ESLoggerFactory.setDefaultFactory(new Slf4jESLoggerFactory())
val settings = Settings.settingsBuilder
  .put("path.data", dataDirPath)
  .put("path.home", "/var/elastic/")
  .put("cluster.name", clusterName)
  .put("http.enabled", httpEnabled)
  .put("index.number_of_shards", 1)
  .put("index.number_of_replicas", 0)
  .put("discovery.zen.ping.multicast.enabled", false)
  .put("index.refresh_interval", "10ms")
  .put("script.engine.groovy.inline.search", true)
  .put("script.engine.groovy.inline.update", true)
  .put("script.engine.groovy.inline.mapping", true)
  .put("index.search.slowlog.threshold.query.debug", "0s")
  .put("index.search.slowlog.threshold.fetch.debug", "0s")
  .build

but I can't find any queries being logged in the log file configured in my logback.xml. Other log messages from elasticsearch are appearing there, just not the actual queries.

Robin Green
  • 32,079
  • 16
  • 104
  • 187

2 Answers2

1

You can't, at least not directly, at least not in ES versions currently available. It's something that has been discussed at some length (eg https://github.com/elastic/elasticsearch/issues/9172 and https://github.com/elastic/elasticsearch/issues/12187) it seems like this may change soon, with the rewrite of the tasks API. In the meantime, you can use things like ES Restlog (https://github.com/etsy/es-restlog) and/or put nginx in front of ES and capture the queries in the nginx logs. You can also use tcpdump (eg tcpdump -vvv -x -X -i any port 9200) and capture the query as it's running on the server. One last option is to modify your application and echo the query instead of executing it (and/or inserting the query into ES itself before you execute it, since the query itself is JSON).

Evan Volgas
  • 2,900
  • 3
  • 19
  • 30
1

In the specific case of elastic4s, it offers the ability to call .show on the elastic4s query object to generate what the JSON body part of the request would have been if the JSON-over-HTTP protocol had been used to send the request, for most types of request. This can then be logged at a convenient point in your code, e.g. if you have one method that generates all ES search queries. The code in Elasticsearch that generates the fake JSON could still have bugs of course, so it should not entirely be trusted. However, it's worth trying to reproduce the issue with the output of .show using Sense against a real Elasticsearch cluster over HTTP - if you can, you (a) know that it's not an elastic4s bug, and (b) can easily manipulate the JSON to try to figure out what's causing the problem.
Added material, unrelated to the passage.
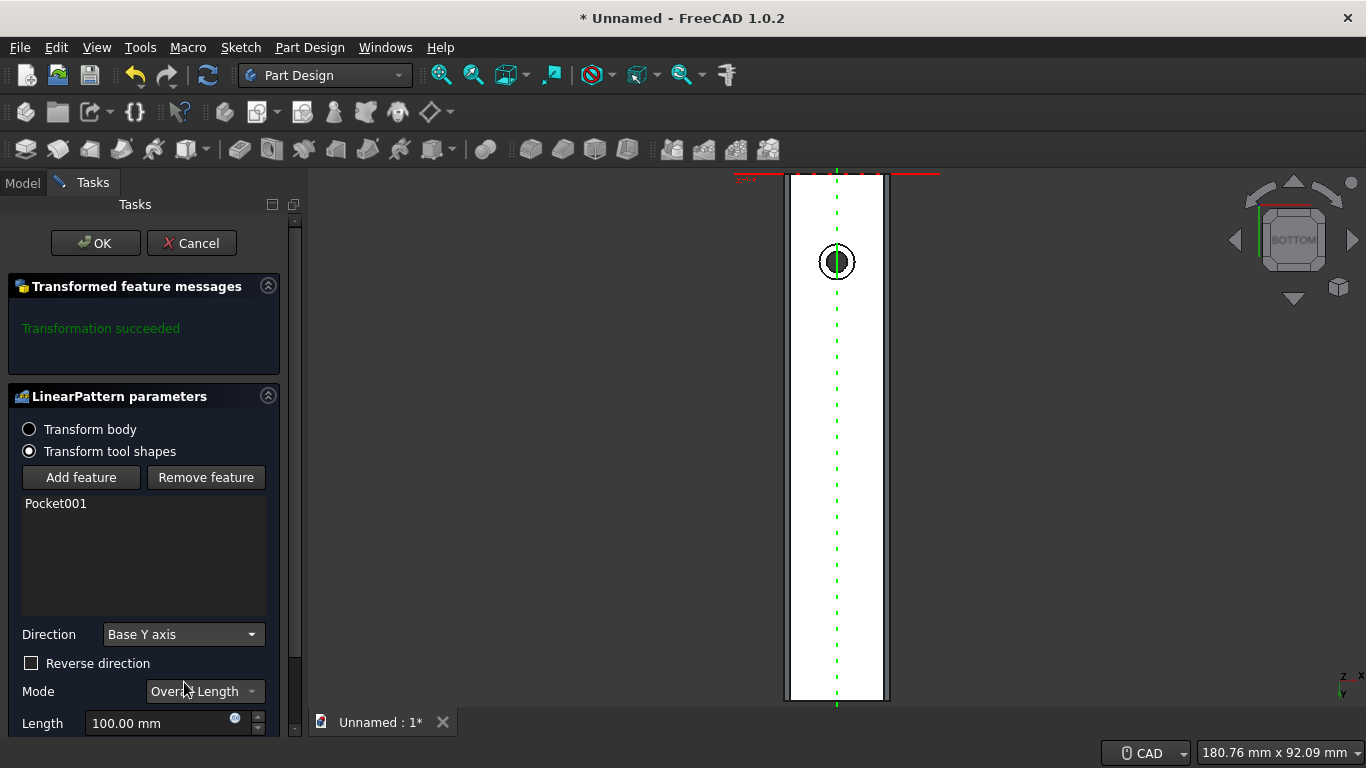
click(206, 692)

show calls toString in some cases, so with the plain Elasticsearch API or another JVM-based wrapper on top of it, you can call that to get the JSON string to log.

With embedded Elasticsearch, this is as good as you're going to get in terms of logging - short of putting a breakpoint on the builder invocations and observing the actual Java Elasticsearch request objects that are created (which is the most accurate approach).

Robin Green
  • 32,079
  • 16
  • 104
  • 187